SOLVED

Error 0x800B0109 and 0x80072f8f when deploying apps from Intune

Copper Contributor

Hi,

We have recently started to test how we can deploy apps from Intune, and we did run in to a load of problems. 

Computer registers fine with MDM, the intune management extension installs without problem 
All good. 

Then we come to the actual app deployment, which caused a lot of frustrations. 

First error is 0x80072f8f - something with time/certificates/whatever. Quite vague and a lot of useless/pointless suggestions. 
Net result is nothing installed. 

I allied with our firewall guy, and we started to look what happened with traffic. 
It turns out the certificates used by Microsoft are NOT PUBLIC TRUSTED !!!! :facepalm:
So running SSL inspection - which should be mandatory  - will fail the inspection as the certificate is not public trusted.
We started to exclude the IP addresses from inspection and got a bit further, now banging our head against  0x800B0109 - third party updated failed to install :unamused:


Back to firewall log and it turns out there are more untrusted certificates and IP's to exclude.

How do you handle this?
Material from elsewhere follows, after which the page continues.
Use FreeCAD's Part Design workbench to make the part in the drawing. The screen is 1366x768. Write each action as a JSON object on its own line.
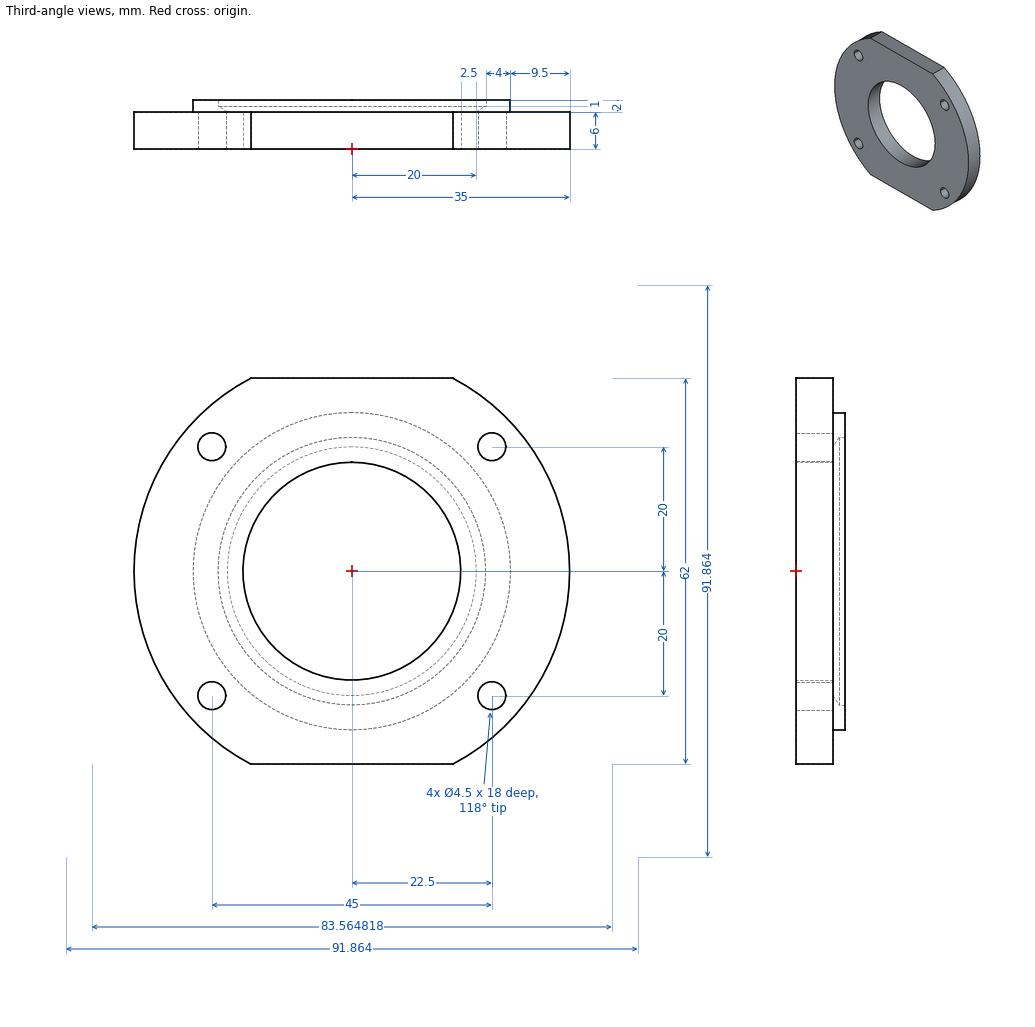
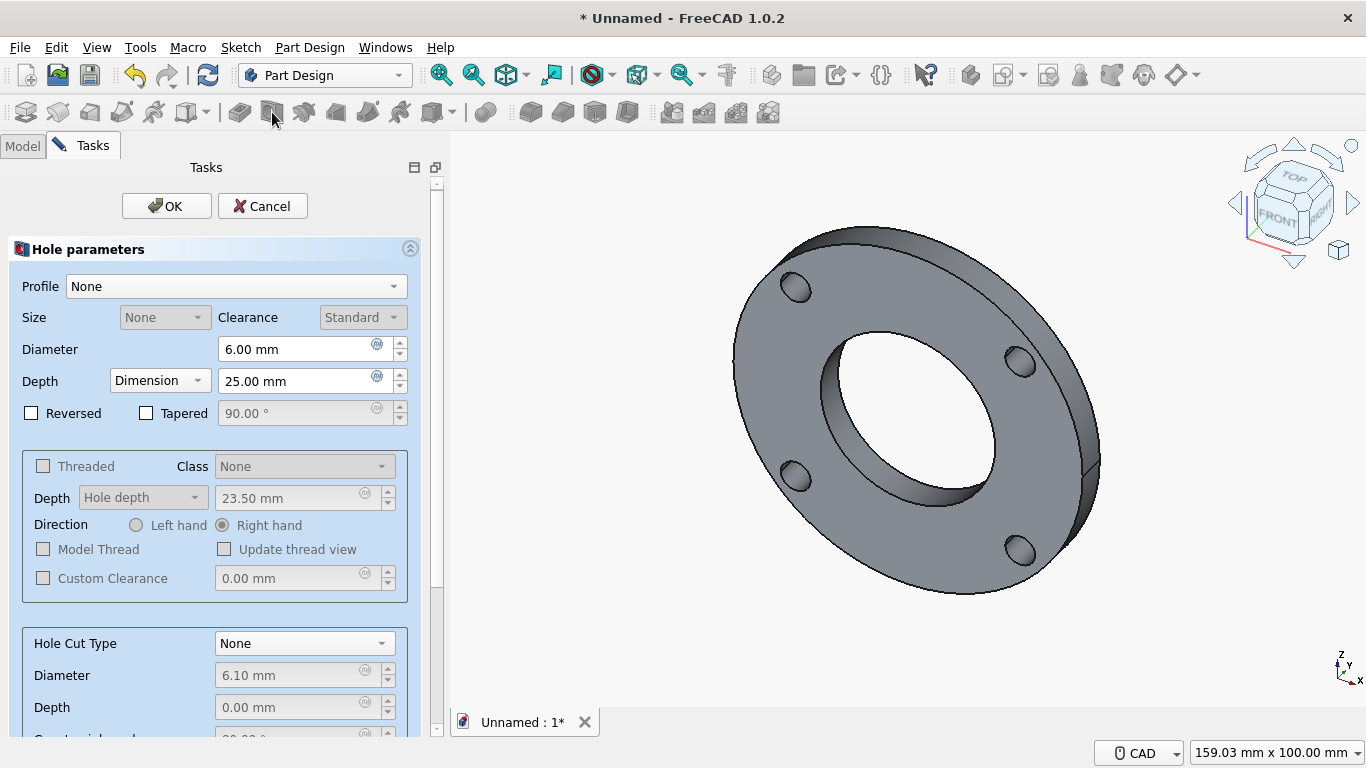
{"action": "triple_click", "coordinate": [305, 349]}

Excluding IP's seems to be an impossible mission, you never know when a new one pops up. 
So far we have more or less proved deploying apps through Intune is hopeless and not fit for enterprise use.

 

Any advice would be appreciated. 

Regards Torben

 

6 Replies
best response confirmed by Tslaikjer (Copper Contributor)
Solution
https://learn.microsoft.com/en-us/mem/intune/fundamentals/intune-endpoints#access-for-managed-device... , these are the url's. If you whitelist those (And your firewall understands fqdns and doesn't need just addresses or ranges, you should be done relatively quickly.

Intune works for a lot of enterprises, explicitly adding those ranges and fqdns is not needed for most of our customers at least.
Thanks, just back from vacation and trying to catch up on everything.
I will have my FW colleague to implement this, and we can check.
Great article!
It actually turned out to be SSL inspection that wrecked everything, disabling that on mentioned URL's, solve it.
Nice, great to hear and you're not the first one running into that issue :)
1 best response

Accepted Solutions
best response confirmed by Tslaikjer (Copper Contributor)
Solution
https://learn.microsoft.com/en-us/mem/intune/fundamentals/intune-endpoints#access-for-managed-device... , these are the url's. If you whitelist those (And your firewall understands fqdns and doesn't need just addresses or ranges, you should be done relatively quickly.

Intune works for a lot of enterprises, explicitly adding those ranges and fqdns is not needed for most of our customers at least.